Detect module

The circRNA detection module f circtools is based on DCC, a Python 2.7-based tool built to detect and quantify circRNAs with high specificity. DCC works with the STAR (Dobin et al., 2013) chimeric.out.junction files which contains chimerically aligned reads including circRNA junction spanning reads.

DCC depends on pysam, pandas, numpy, and HTSeq. The installation process of circtools will normally automatically check for the dependencies, install or update missing Python packages and install the latest stable version of DCC.

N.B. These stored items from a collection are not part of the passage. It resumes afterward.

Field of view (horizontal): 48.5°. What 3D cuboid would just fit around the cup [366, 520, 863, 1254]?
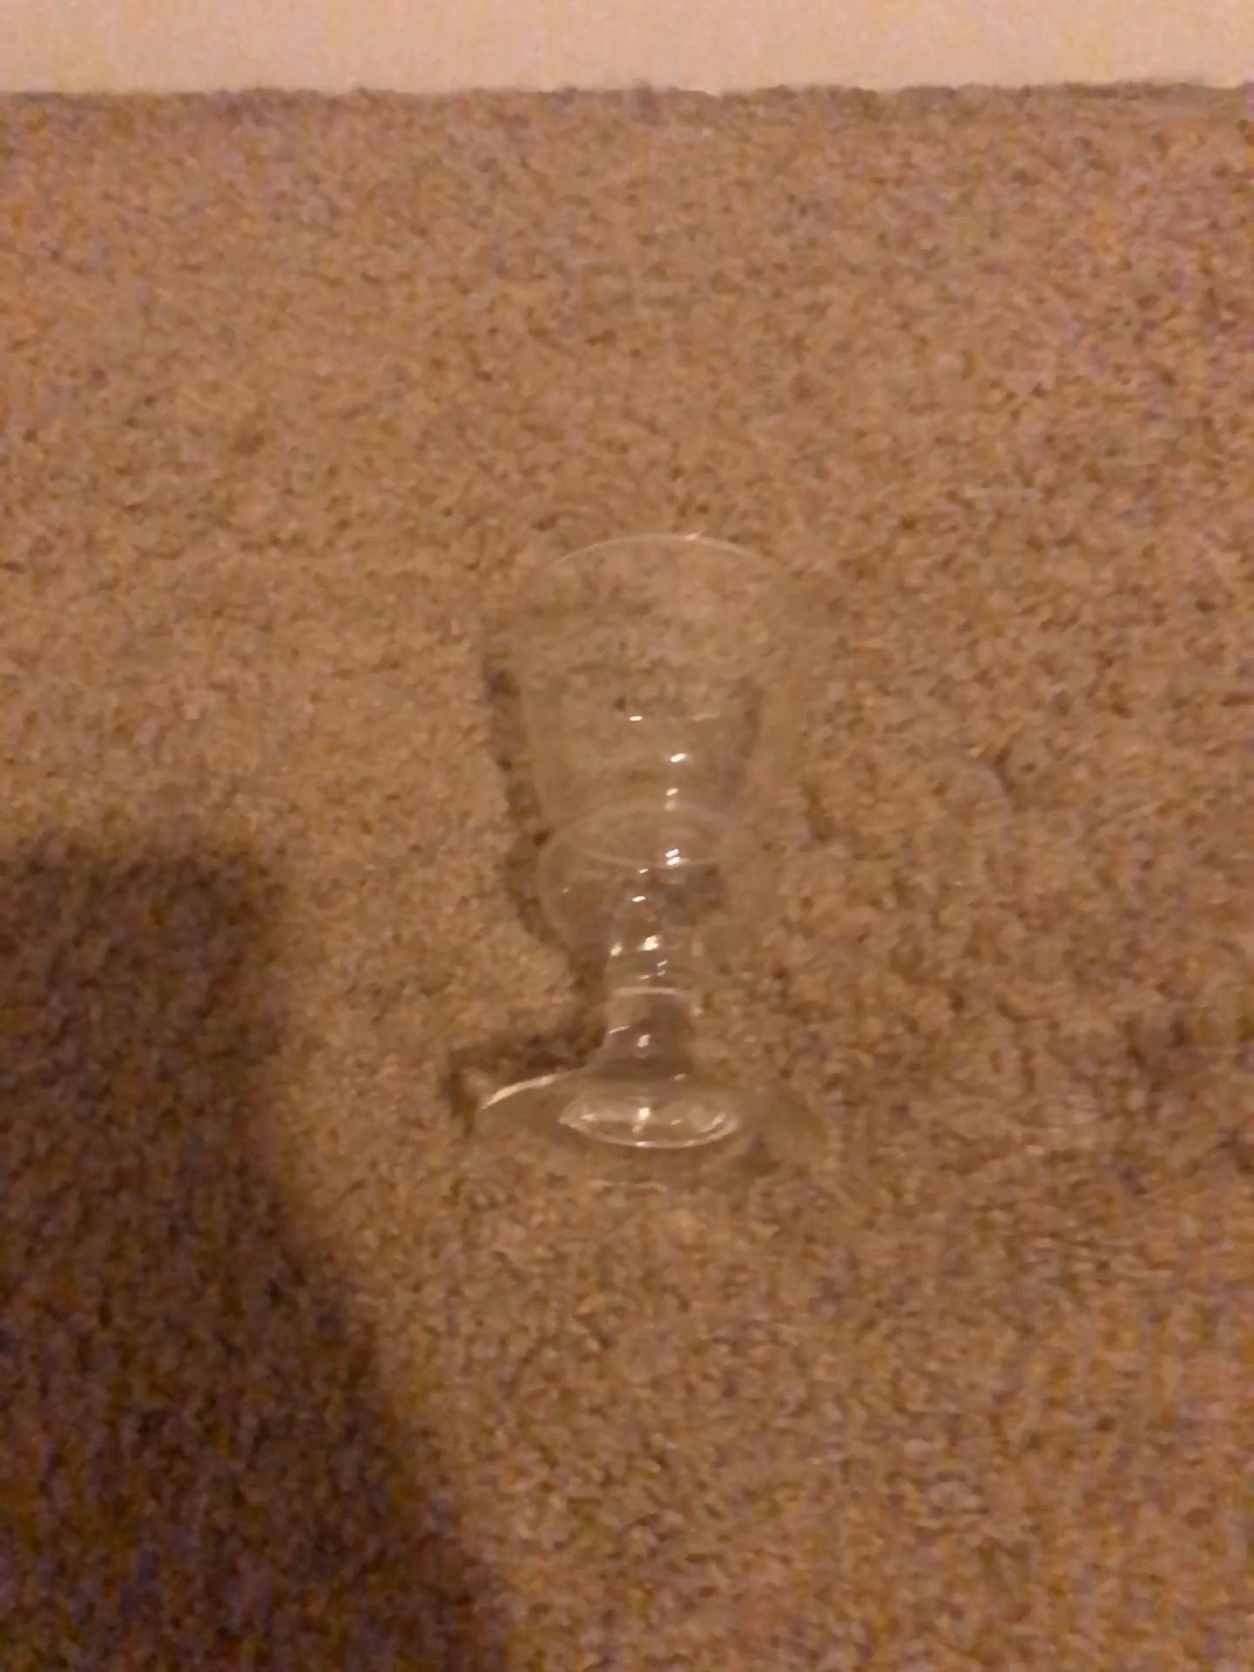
[{"bbox_3d":[0.001,0.011,0.338,0.094,0.078,0.158,-2,57,4],"label":"cup"}]
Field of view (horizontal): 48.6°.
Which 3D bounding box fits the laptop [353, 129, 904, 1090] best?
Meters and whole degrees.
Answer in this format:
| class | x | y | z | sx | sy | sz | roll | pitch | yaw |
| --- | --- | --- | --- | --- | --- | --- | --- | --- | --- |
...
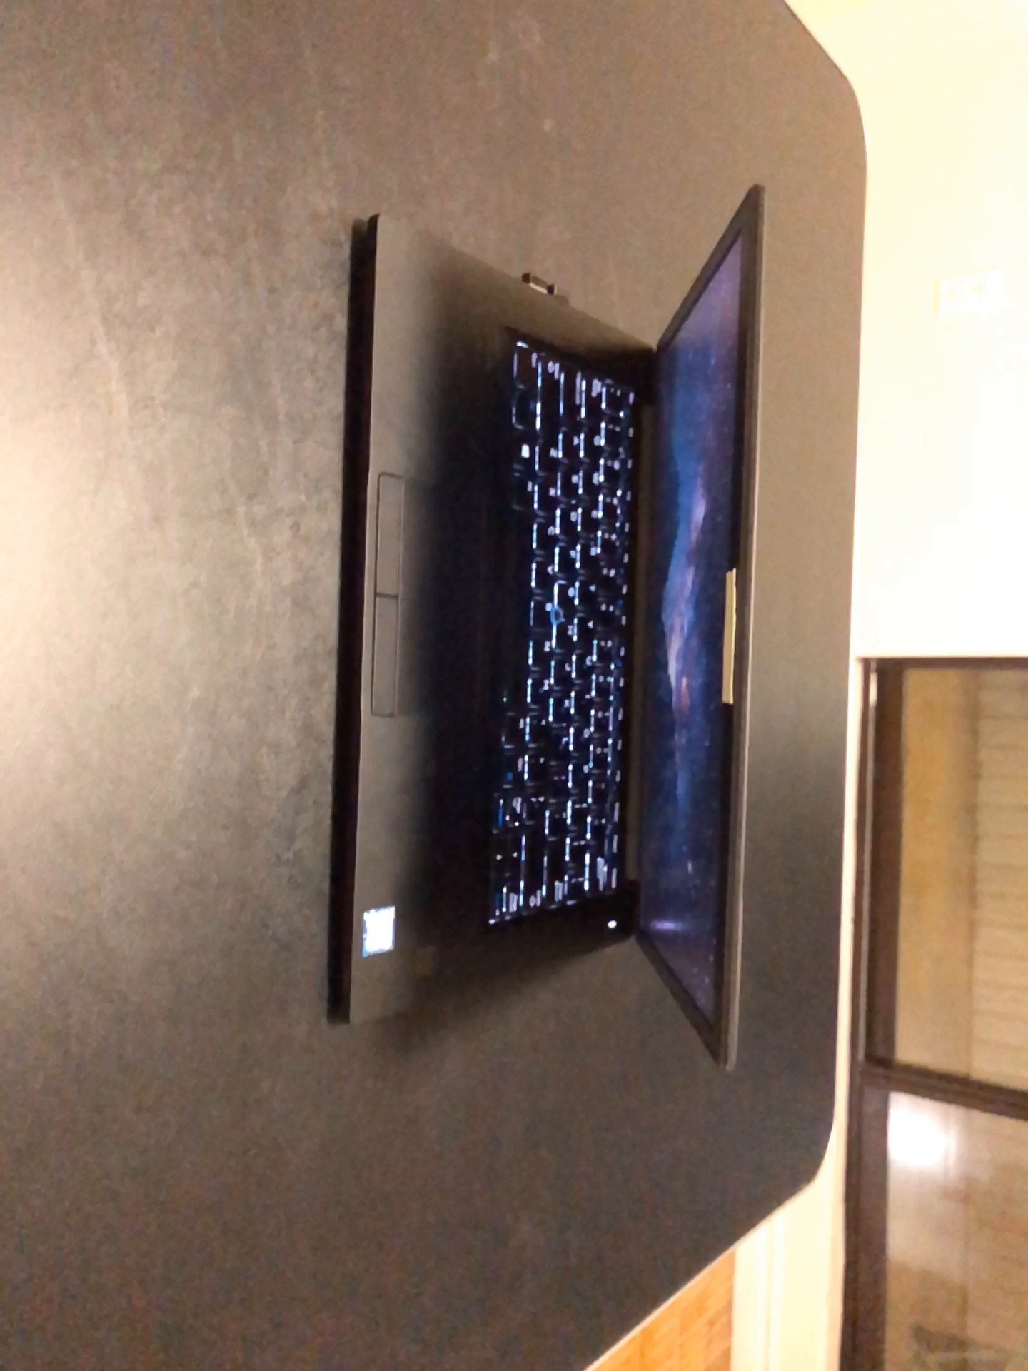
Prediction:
| class | x | y | z | sx | sy | sz | roll | pitch | yaw |
| --- | --- | --- | --- | --- | --- | --- | --- | --- | --- |
| laptop | 0.063 | -0.028 | 0.507 | 0.221 | 0.142 | 0.318 | 2 | 89 | -54 |
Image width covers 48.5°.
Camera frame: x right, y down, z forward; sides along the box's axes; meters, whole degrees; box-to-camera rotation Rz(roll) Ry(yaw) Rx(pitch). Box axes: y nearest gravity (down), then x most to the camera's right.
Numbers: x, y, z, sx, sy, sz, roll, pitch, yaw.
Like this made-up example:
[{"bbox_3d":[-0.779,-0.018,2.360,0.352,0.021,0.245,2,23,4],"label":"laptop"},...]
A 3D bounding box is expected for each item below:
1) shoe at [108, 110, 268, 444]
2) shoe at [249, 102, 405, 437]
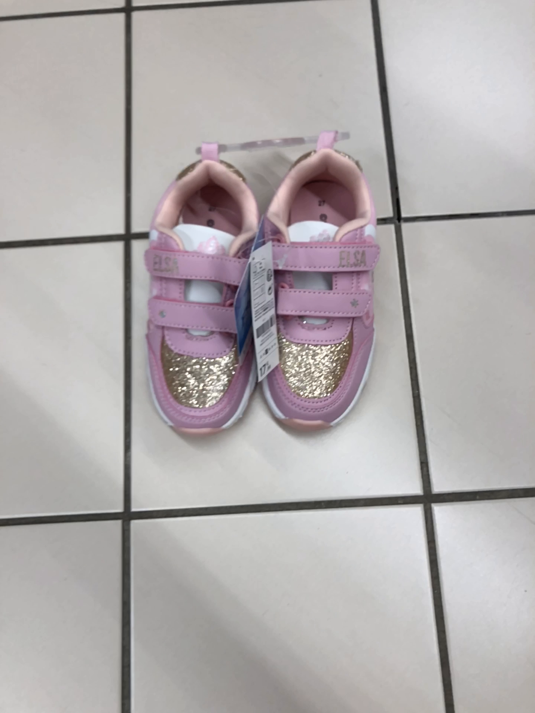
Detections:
[{"bbox_3d":[-0.043,-0.045,0.382,0.083,0.087,0.195,0,77,1],"label":"shoe"},{"bbox_3d":[0.033,-0.050,0.383,0.083,0.087,0.195,0,77,1],"label":"shoe"}]
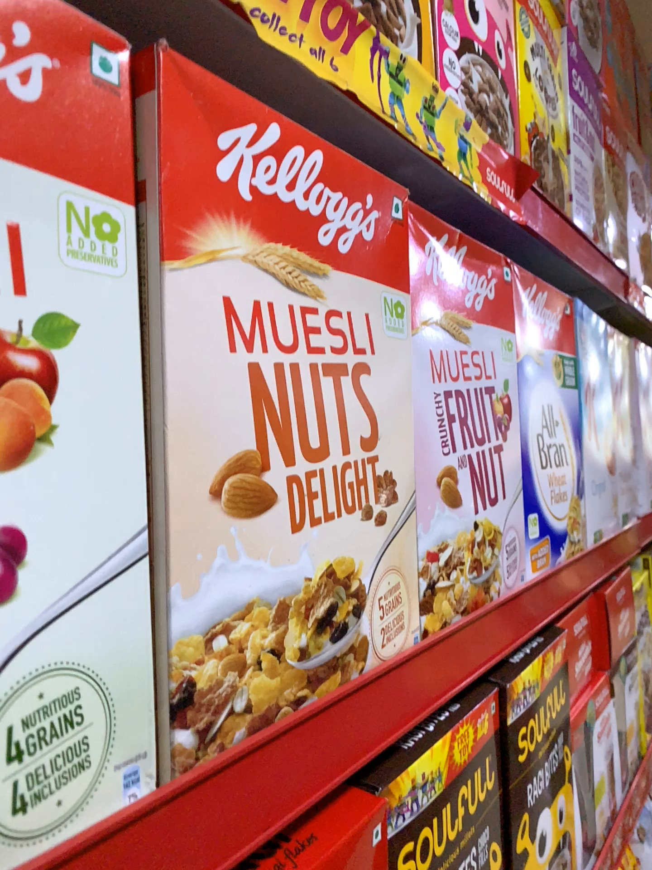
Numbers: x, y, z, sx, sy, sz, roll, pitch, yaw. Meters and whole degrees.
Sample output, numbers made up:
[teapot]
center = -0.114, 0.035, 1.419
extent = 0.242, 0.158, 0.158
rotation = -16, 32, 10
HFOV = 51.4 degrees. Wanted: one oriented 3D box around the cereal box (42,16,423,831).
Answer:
[cereal box]
center = -0.027, -0.006, 0.295
extent = 0.060, 0.250, 0.170
rotation = -4, -3, 33
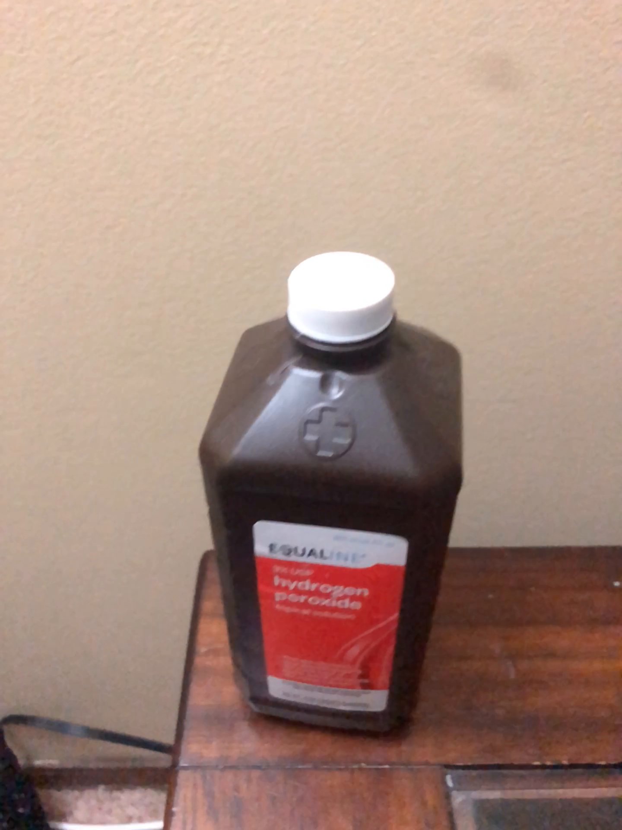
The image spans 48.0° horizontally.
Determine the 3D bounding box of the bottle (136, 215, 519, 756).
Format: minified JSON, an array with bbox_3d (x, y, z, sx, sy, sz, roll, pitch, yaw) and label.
[{"bbox_3d":[0.009,0.036,0.255,0.090,0.189,0.080,5,42,6],"label":"bottle"}]
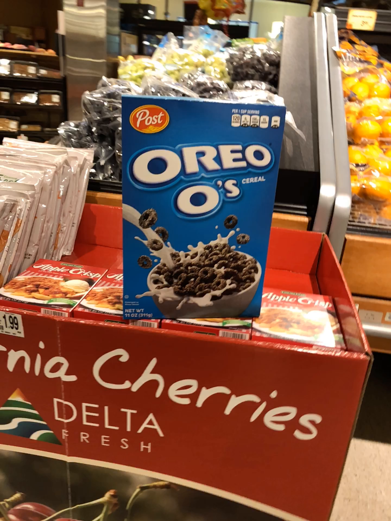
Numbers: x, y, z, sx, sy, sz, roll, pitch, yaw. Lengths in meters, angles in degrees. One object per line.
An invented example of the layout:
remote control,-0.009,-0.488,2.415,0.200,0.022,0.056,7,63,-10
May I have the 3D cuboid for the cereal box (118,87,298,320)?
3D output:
cereal box,0.004,-0.067,0.550,0.200,0.278,0.070,-1,21,-10
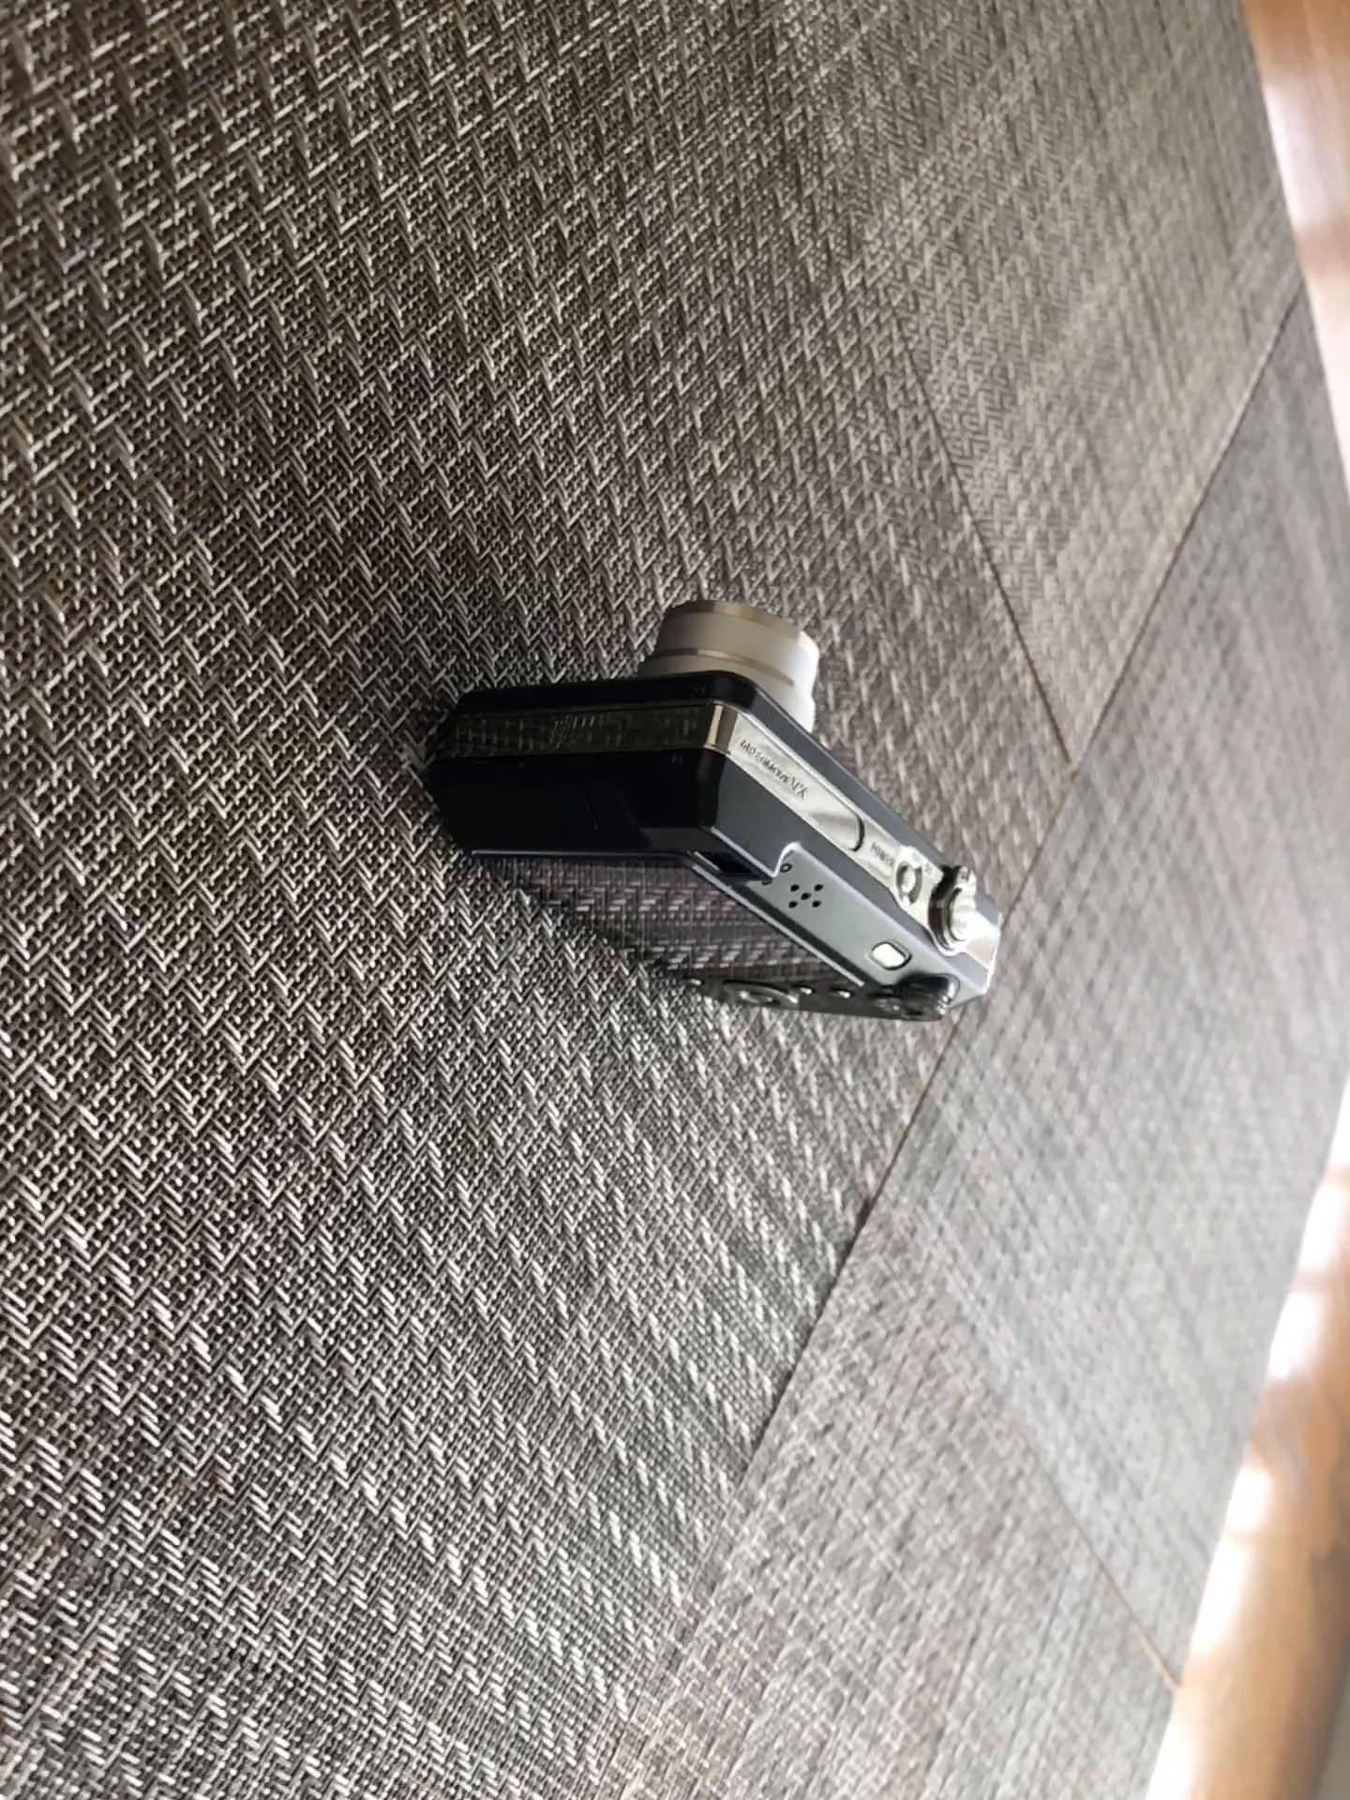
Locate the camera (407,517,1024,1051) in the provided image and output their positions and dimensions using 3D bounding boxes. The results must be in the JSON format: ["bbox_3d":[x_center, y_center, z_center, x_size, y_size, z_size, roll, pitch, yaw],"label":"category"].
[{"bbox_3d":[0.012,-0.015,0.259,0.095,0.052,0.049,35,65,-47],"label":"camera"}]
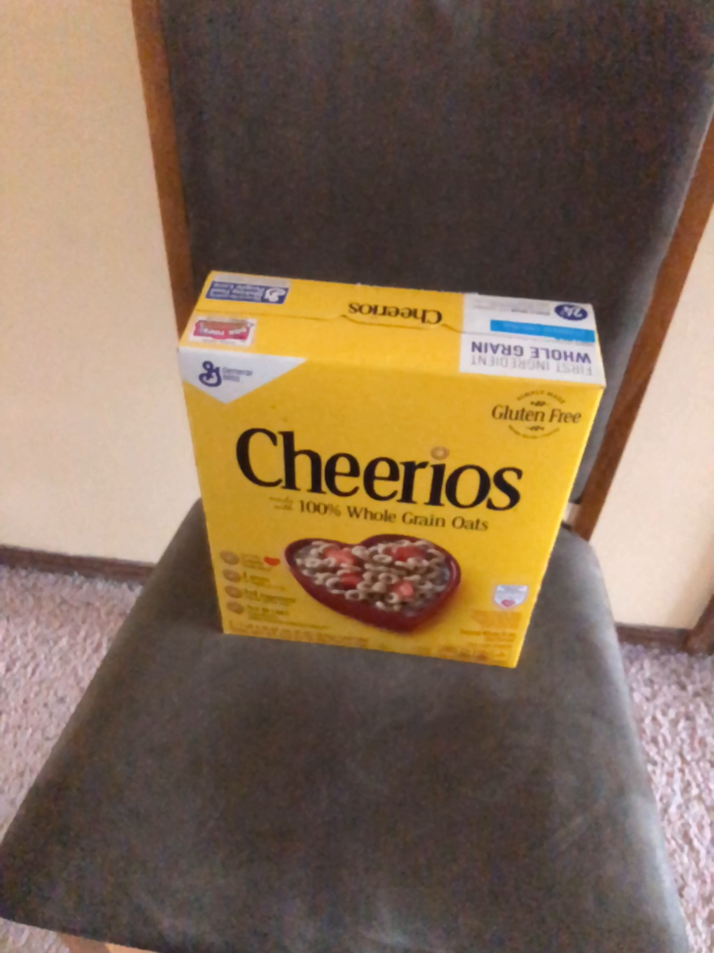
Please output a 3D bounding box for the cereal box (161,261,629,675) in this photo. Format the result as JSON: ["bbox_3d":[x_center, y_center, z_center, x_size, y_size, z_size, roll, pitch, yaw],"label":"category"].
[{"bbox_3d":[0.021,0.011,0.578,0.260,0.300,0.090,6,46,4],"label":"cereal box"}]

Manual installation instructions

Option 1

Download of the latest stable DCC release:

$ tar -xvf DCC-<version>.tar.gz
$ cd DCC-<version>
$ python setup.py install --user

Option 2

Cloning the source repository:

$ git clone https://github.com/dieterich-lab/DCC.git
$ cd DCC
$ python setup.py install --user

Verifying the installation:

$ DCC --version

If the Python installation binary path [e.g. /$HOME/.local/bin for Debian] is not included the $PATH, it is also possible run DCC directly:

$ python <DCC directory>/scripts/DCC <Options>
# or even
$ python <DCC directory>/DCC/main.py <Options>

Usage

The detection of circRNAs from RNAseq data through the detection module can be summarized in a few steps:

  • Mapping of RNAseq data from quality checked fastq files. For paired-end (PE) data it is recommended to map the reads pairs jointly as well as separately because STAR does not output reads or read pairs that contain more than one chimeric junction.
  • Preparation of input files required by the detection module. In summary, only a samplesheet, which specifies the locations for the chimeric.out.junction files is required (one relative or absolute path per line). [Command line flag: @samplesheet]
  • A GTF formatted annotation of repetitive regions which is used to filter out circRNA candidates from repetitive regions is recommended. [Command line flag: -R repeat_file.gtf]
  • For paired-end sequencing two files, e.g. mate1 and mate2 which contain the paths to the chimeric.out.junction files originating from the separate mate mapping step are required. [Command line flags: -m1 mate1file and -m2 mate2file]
  • The locations of the BAM files can be specified via the -B flag. Otherwise the detection module tries to guess their location based on the supplied chimeric.out.junction paths. [Command line flag: -B @bam_file_list]
  • The detection module requires the SJ.out.tab files generated by STAR. Circtools assumes that these are located in the same folder as the BAM files and also retain their SJ.out.tab name.
  • Circtools can be used to process circular RNA detection and host gene expression detection either in a one-pass strategy or only one part of the analysis:
  • Detection of circRNAs and host gene expression: -D and -G option have to be supplied
  • Detection of circRNAs only: -D
  • Detection of host gene expression only: -G

Step by step tutorial

In this tutorial, we use the data set from Westholm et al. 2014 as an example. The data are paired-end, stranded RiboMinus RNAseq data from Drosophila melanogaster, consisting of samples of three developmental stages (1 day, 4 days, and 20 days) collected from the heads. Data can be downloaded from the NCBI SRA (accession number SRP001696).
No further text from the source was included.